The undersigned hereby acknowledges receipt of the Notice of Annual Meeting,
Proxy Statement and Annual Report of JB Oxford on Form 10-K for the fiscal
year ended December 31, 1999.

                PLEASE MARK YOUR CHOICE LIKE THIS /X/ IN BLUE OR
         BLACK INK. THE BOARD OF DIRECTORS RECOMMENDS THAT YOU VOTE FOR
                     "FOR ALL NOMINEES" AND FOR PROPOSAL 2.

1.       Election of Christopher L. Jarratt, James G. Lewis, Mark D. Grossi and
         David G. Mahood as directors.
         FOR ALL NOMINEES / / (unless struck out above)
         WITHHOLD FROM ALL NOMINEES / /
         (AUTHORITY TO VOTE FOR ANY NOMINEE MAY BE WITHHELD BY LINING THROUGH OR
         OTHERWISE STRIKING OUT THE NAME OF SUCH NOMINEE.)

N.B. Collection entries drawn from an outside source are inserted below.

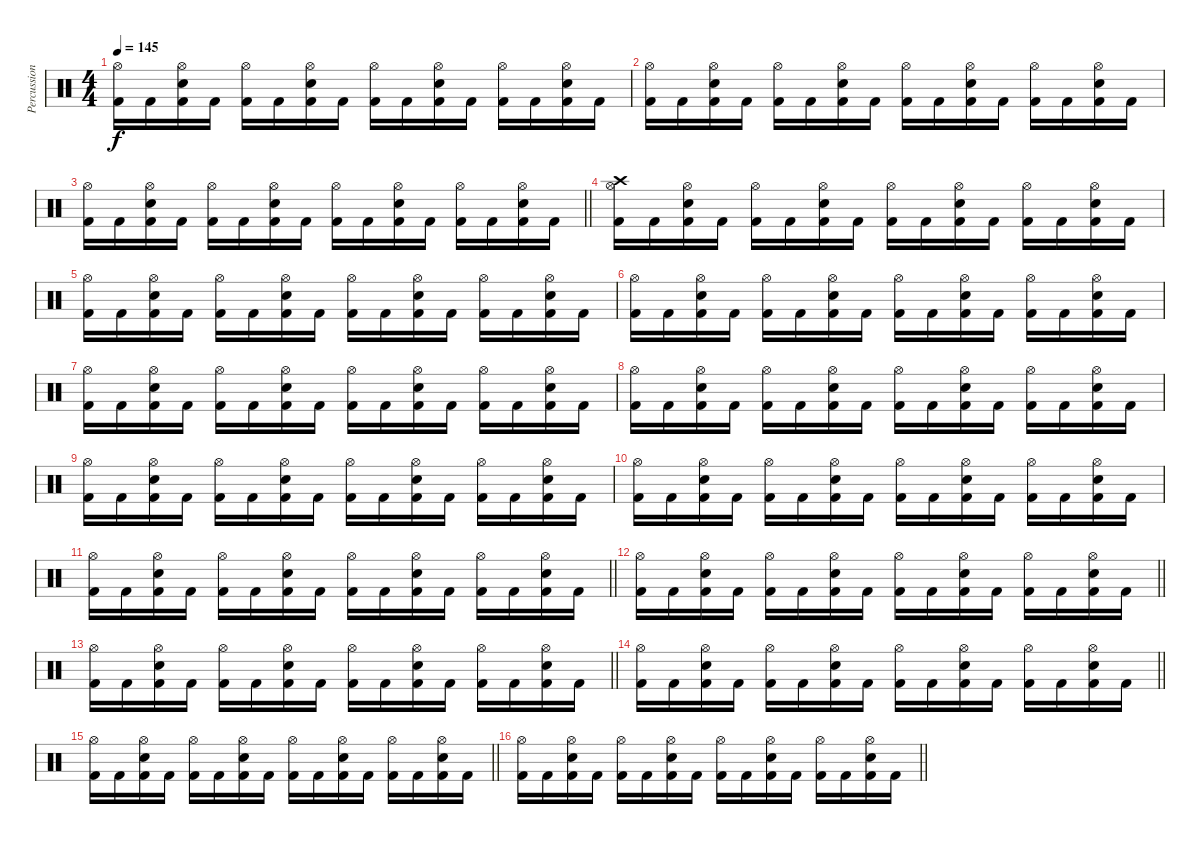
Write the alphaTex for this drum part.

\track ("Percussion" "Percussion") {instrument percussion}
\staff {score}
\articulation defaults
\ts (4 4)
\tempo 145
\clef neutral
\ks c
("Hi-Hat (open)" "Kick (hit) 2").16{dy f} "Kick (hit) 2".16 ("Hi-Hat (open)" "Electric Snare (hit)" "Kick (hit) 2").16 "Kick (hit) 2".16 ("Hi-Hat (open)" "Kick (hit) 2").16 "Kick (hit) 2".16 ("Hi-Hat (open)" "Electric Snare (hit)" "Kick (hit) 2").16 "Kick (hit) 2".16 ("Hi-Hat (open)" "Kick (hit) 2").16 "Kick (hit) 2".16 ("Hi-Hat (open)" "Electric Snare (hit)" "Kick (hit) 2").16 "Kick (hit) 2".16 ("Hi-Hat (open)" "Kick (hit) 2").16 "Kick (hit) 2".16 ("Hi-Hat (open)" "Electric Snare (hit)" "Kick (hit) 2").16 "Kick (hit) 2".16 |
("Hi-Hat (open)" "Kick (hit) 2").16 "Kick (hit) 2".16 ("Hi-Hat (open)" "Electric Snare (hit)" "Kick (hit) 2").16 "Kick (hit) 2".16 ("Hi-Hat (open)" "Kick (hit) 2").16 "Kick (hit) 2".16 ("Hi-Hat (open)" "Electric Snare (hit)" "Kick (hit) 2").16 "Kick (hit) 2".16 ("Hi-Hat (open)" "Kick (hit) 2").16 "Kick (hit) 2".16 ("Hi-Hat (open)" "Electric Snare (hit)" "Kick (hit) 2").16 "Kick (hit) 2".16 ("Hi-Hat (open)" "Kick (hit) 2").16 "Kick (hit) 2".16 ("Hi-Hat (open)" "Electric Snare (hit)" "Kick (hit) 2").16 "Kick (hit) 2".16 |
\barLineRight lightlight
("Hi-Hat (open)" "Kick (hit) 2").16 "Kick (hit) 2".16 ("Hi-Hat (open)" "Electric Snare (hit)" "Kick (hit) 2").16 "Kick (hit) 2".16 ("Hi-Hat (open)" "Kick (hit) 2").16 "Kick (hit) 2".16 ("Hi-Hat (open)" "Electric Snare (hit)" "Kick (hit) 2").16 "Kick (hit) 2".16 ("Hi-Hat (open)" "Kick (hit) 2").16 "Kick (hit) 2".16 ("Hi-Hat (open)" "Electric Snare (hit)" "Kick (hit) 2").16 "Kick (hit) 2".16 ("Hi-Hat (open)" "Kick (hit) 2").16 "Kick (hit) 2".16 ("Hi-Hat (open)" "Electric Snare (hit)" "Kick (hit) 2").16 "Kick (hit) 2".16 |
\section ("" "")
("Crash high (hit)" "Hi-Hat (open)" "Kick (hit) 2").16 "Kick (hit) 2".16 ("Hi-Hat (open)" "Electric Snare (hit)" "Kick (hit) 2").16 "Kick (hit) 2".16 ("Hi-Hat (open)" "Kick (hit) 2").16 "Kick (hit) 2".16 ("Hi-Hat (open)" "Electric Snare (hit)" "Kick (hit) 2").16 "Kick (hit) 2".16 ("Hi-Hat (open)" "Kick (hit) 2").16 "Kick (hit) 2".16 ("Hi-Hat (open)" "Electric Snare (hit)" "Kick (hit) 2").16 "Kick (hit) 2".16 ("Hi-Hat (open)" "Kick (hit) 2").16 "Kick (hit) 2".16 ("Hi-Hat (open)" "Electric Snare (hit)" "Kick (hit) 2").16 "Kick (hit) 2".16 |
("Hi-Hat (open)" "Kick (hit) 2").16 "Kick (hit) 2".16 ("Hi-Hat (open)" "Electric Snare (hit)" "Kick (hit) 2").16 "Kick (hit) 2".16 ("Hi-Hat (open)" "Kick (hit) 2").16 "Kick (hit) 2".16 ("Hi-Hat (open)" "Electric Snare (hit)" "Kick (hit) 2").16 "Kick (hit) 2".16 ("Hi-Hat (open)" "Kick (hit) 2").16 "Kick (hit) 2".16 ("Hi-Hat (open)" "Electric Snare (hit)" "Kick (hit) 2").16 "Kick (hit) 2".16 ("Hi-Hat (open)" "Kick (hit) 2").16 "Kick (hit) 2".16 ("Hi-Hat (open)" "Electric Snare (hit)" "Kick (hit) 2").16 "Kick (hit) 2".16 |
("Hi-Hat (open)" "Kick (hit) 2").16 "Kick (hit) 2".16 ("Hi-Hat (open)" "Electric Snare (hit)" "Kick (hit) 2").16 "Kick (hit) 2".16 ("Hi-Hat (open)" "Kick (hit) 2").16 "Kick (hit) 2".16 ("Hi-Hat (open)" "Electric Snare (hit)" "Kick (hit) 2").16 "Kick (hit) 2".16 ("Hi-Hat (open)" "Kick (hit) 2").16 "Kick (hit) 2".16 ("Hi-Hat (open)" "Electric Snare (hit)" "Kick (hit) 2").16 "Kick (hit) 2".16 ("Hi-Hat (open)" "Kick (hit) 2").16 "Kick (hit) 2".16 ("Hi-Hat (open)" "Electric Snare (hit)" "Kick (hit) 2").16 "Kick (hit) 2".16 |
("Hi-Hat (open)" "Kick (hit) 2").16 "Kick (hit) 2".16 ("Hi-Hat (open)" "Electric Snare (hit)" "Kick (hit) 2").16 "Kick (hit) 2".16 ("Hi-Hat (open)" "Kick (hit) 2").16 "Kick (hit) 2".16 ("Hi-Hat (open)" "Electric Snare (hit)" "Kick (hit) 2").16 "Kick (hit) 2".16 ("Hi-Hat (open)" "Kick (hit) 2").16 "Kick (hit) 2".16 ("Hi-Hat (open)" "Electric Snare (hit)" "Kick (hit) 2").16 "Kick (hit) 2".16 ("Hi-Hat (open)" "Kick (hit) 2").16 "Kick (hit) 2".16 ("Hi-Hat (open)" "Electric Snare (hit)" "Kick (hit) 2").16 "Kick (hit) 2".16 |
("Hi-Hat (open)" "Kick (hit) 2").16 "Kick (hit) 2".16 ("Hi-Hat (open)" "Electric Snare (hit)" "Kick (hit) 2").16 "Kick (hit) 2".16 ("Hi-Hat (open)" "Kick (hit) 2").16 "Kick (hit) 2".16 ("Hi-Hat (open)" "Electric Snare (hit)" "Kick (hit) 2").16 "Kick (hit) 2".16 ("Hi-Hat (open)" "Kick (hit) 2").16 "Kick (hit) 2".16 ("Hi-Hat (open)" "Electric Snare (hit)" "Kick (hit) 2").16 "Kick (hit) 2".16 ("Hi-Hat (open)" "Kick (hit) 2").16 "Kick (hit) 2".16 ("Hi-Hat (open)" "Electric Snare (hit)" "Kick (hit) 2").16 "Kick (hit) 2".16 |
("Hi-Hat (open)" "Kick (hit) 2").16 "Kick (hit) 2".16 ("Hi-Hat (open)" "Electric Snare (hit)" "Kick (hit) 2").16 "Kick (hit) 2".16 ("Hi-Hat (open)" "Kick (hit) 2").16 "Kick (hit) 2".16 ("Hi-Hat (open)" "Electric Snare (hit)" "Kick (hit) 2").16 "Kick (hit) 2".16 ("Hi-Hat (open)" "Kick (hit) 2").16 "Kick (hit) 2".16 ("Hi-Hat (open)" "Electric Snare (hit)" "Kick (hit) 2").16 "Kick (hit) 2".16 ("Hi-Hat (open)" "Kick (hit) 2").16 "Kick (hit) 2".16 ("Hi-Hat (open)" "Electric Snare (hit)" "Kick (hit) 2").16 "Kick (hit) 2".16 |
("Hi-Hat (open)" "Kick (hit) 2").16 "Kick (hit) 2".16 ("Hi-Hat (open)" "Electric Snare (hit)" "Kick (hit) 2").16 "Kick (hit) 2".16 ("Hi-Hat (open)" "Kick (hit) 2").16 "Kick (hit) 2".16 ("Hi-Hat (open)" "Electric Snare (hit)" "Kick (hit) 2").16 "Kick (hit) 2".16 ("Hi-Hat (open)" "Kick (hit) 2").16 "Kick (hit) 2".16 ("Hi-Hat (open)" "Electric Snare (hit)" "Kick (hit) 2").16 "Kick (hit) 2".16 ("Hi-Hat (open)" "Kick (hit) 2").16 "Kick (hit) 2".16 ("Hi-Hat (open)" "Electric Snare (hit)" "Kick (hit) 2").16 "Kick (hit) 2".16 |
\barLineRight lightlight
("Hi-Hat (open)" "Kick (hit) 2").16 "Kick (hit) 2".16 ("Hi-Hat (open)" "Electric Snare (hit)" "Kick (hit) 2").16 "Kick (hit) 2".16 ("Hi-Hat (open)" "Kick (hit) 2").16 "Kick (hit) 2".16 ("Hi-Hat (open)" "Electric Snare (hit)" "Kick (hit) 2").16 "Kick (hit) 2".16 ("Hi-Hat (open)" "Kick (hit) 2").16 "Kick (hit) 2".16 ("Hi-Hat (open)" "Electric Snare (hit)" "Kick (hit) 2").16 "Kick (hit) 2".16 ("Hi-Hat (open)" "Kick (hit) 2").16 "Kick (hit) 2".16 ("Hi-Hat (open)" "Electric Snare (hit)" "Kick (hit) 2").16 "Kick (hit) 2".16 |
\section ("" "")
\barLineRight lightlight
("Hi-Hat (open)" "Kick (hit) 2").16 "Kick (hit) 2".16 ("Hi-Hat (open)" "Electric Snare (hit)" "Kick (hit) 2").16 "Kick (hit) 2".16 ("Hi-Hat (open)" "Kick (hit) 2").16 "Kick (hit) 2".16 ("Hi-Hat (open)" "Electric Snare (hit)" "Kick (hit) 2").16 "Kick (hit) 2".16 ("Hi-Hat (open)" "Kick (hit) 2").16 "Kick (hit) 2".16 ("Hi-Hat (open)" "Electric Snare (hit)" "Kick (hit) 2").16 "Kick (hit) 2".16 ("Hi-Hat (open)" "Kick (hit) 2").16 "Kick (hit) 2".16 ("Hi-Hat (open)" "Electric Snare (hit)" "Kick (hit) 2").16 "Kick (hit) 2".16 |
\barLineRight lightlight
("Hi-Hat (open)" "Kick (hit) 2").16 "Kick (hit) 2".16 ("Hi-Hat (open)" "Electric Snare (hit)" "Kick (hit) 2").16 "Kick (hit) 2".16 ("Hi-Hat (open)" "Kick (hit) 2").16 "Kick (hit) 2".16 ("Hi-Hat (open)" "Electric Snare (hit)" "Kick (hit) 2").16 "Kick (hit) 2".16 ("Hi-Hat (open)" "Kick (hit) 2").16 "Kick (hit) 2".16 ("Hi-Hat (open)" "Electric Snare (hit)" "Kick (hit) 2").16 "Kick (hit) 2".16 ("Hi-Hat (open)" "Kick (hit) 2").16 "Kick (hit) 2".16 ("Hi-Hat (open)" "Electric Snare (hit)" "Kick (hit) 2").16 "Kick (hit) 2".16 |
\barLineRight lightlight
("Hi-Hat (open)" "Kick (hit) 2").16 "Kick (hit) 2".16 ("Hi-Hat (open)" "Electric Snare (hit)" "Kick (hit) 2").16 "Kick (hit) 2".16 ("Hi-Hat (open)" "Kick (hit) 2").16 "Kick (hit) 2".16 ("Hi-Hat (open)" "Electric Snare (hit)" "Kick (hit) 2").16 "Kick (hit) 2".16 ("Hi-Hat (open)" "Kick (hit) 2").16 "Kick (hit) 2".16 ("Hi-Hat (open)" "Electric Snare (hit)" "Kick (hit) 2").16 "Kick (hit) 2".16 ("Hi-Hat (open)" "Kick (hit) 2").16 "Kick (hit) 2".16 ("Hi-Hat (open)" "Electric Snare (hit)" "Kick (hit) 2").16 "Kick (hit) 2".16 |
\barLineRight lightlight
("Hi-Hat (open)" "Kick (hit) 2").16 "Kick (hit) 2".16 ("Hi-Hat (open)" "Electric Snare (hit)" "Kick (hit) 2").16 "Kick (hit) 2".16 ("Hi-Hat (open)" "Kick (hit) 2").16 "Kick (hit) 2".16 ("Hi-Hat (open)" "Electric Snare (hit)" "Kick (hit) 2").16 "Kick (hit) 2".16 ("Hi-Hat (open)" "Kick (hit) 2").16 "Kick (hit) 2".16 ("Hi-Hat (open)" "Electric Snare (hit)" "Kick (hit) 2").16 "Kick (hit) 2".16 ("Hi-Hat (open)" "Kick (hit) 2").16 "Kick (hit) 2".16 ("Hi-Hat (open)" "Electric Snare (hit)" "Kick (hit) 2").16 "Kick (hit) 2".16 |
\barLineRight lightlight
("Hi-Hat (open)" "Kick (hit) 2").16 "Kick (hit) 2".16 ("Hi-Hat (open)" "Electric Snare (hit)" "Kick (hit) 2").16 "Kick (hit) 2".16 ("Hi-Hat (open)" "Kick (hit) 2").16 "Kick (hit) 2".16 ("Hi-Hat (open)" "Electric Snare (hit)" "Kick (hit) 2").16 "Kick (hit) 2".16 ("Hi-Hat (open)" "Kick (hit) 2").16 "Kick (hit) 2".16 ("Hi-Hat (open)" "Electric Snare (hit)" "Kick (hit) 2").16 "Kick (hit) 2".16 ("Hi-Hat (open)" "Kick (hit) 2").16 "Kick (hit) 2".16 ("Hi-Hat (open)" "Electric Snare (hit)" "Kick (hit) 2").16 "Kick (hit) 2".16

     THIS PROXY IS CONTINUED ON THE REVERSE SIDE. PLEASE DATE, SIGN AND RETURN
     PROMPTLY.




[BACK]


2.       Ratification of appointment of Arthur Andersen LLP as JB Oxford's
         independent accountants for 2000.
         FOR / / AGAINST / / ABSTAIN / /


                           (Signature should be exactly as name or names appear
                           on this proxy. If stock is held jointly each holder
                           should sign. If signature is by attorney, executor,
                           administrator, trustee or guardian, please give full
                           title.)

                           Dated:                              , 2000
                                 ------------------------------


                           ------------------------------------------
                           Signature

                           ------------------------------------------
                           Signature if held jointly
                           I plan to attend the Annual Meeting: Yes / / No / /

THIS PROXY WILL BE VOTED FOR THE DIRECTOR NOMINEES AND FOR THE ABOVE PROPOSAL
UNLESS OTHERWISE INDICATED, AND IN THE DISCRETION OF THE PROXIES HOLDERS ON ALL
OTHER MATTERS PROPERLY BROUGHT BEFORE THE ANNUAL MEETING.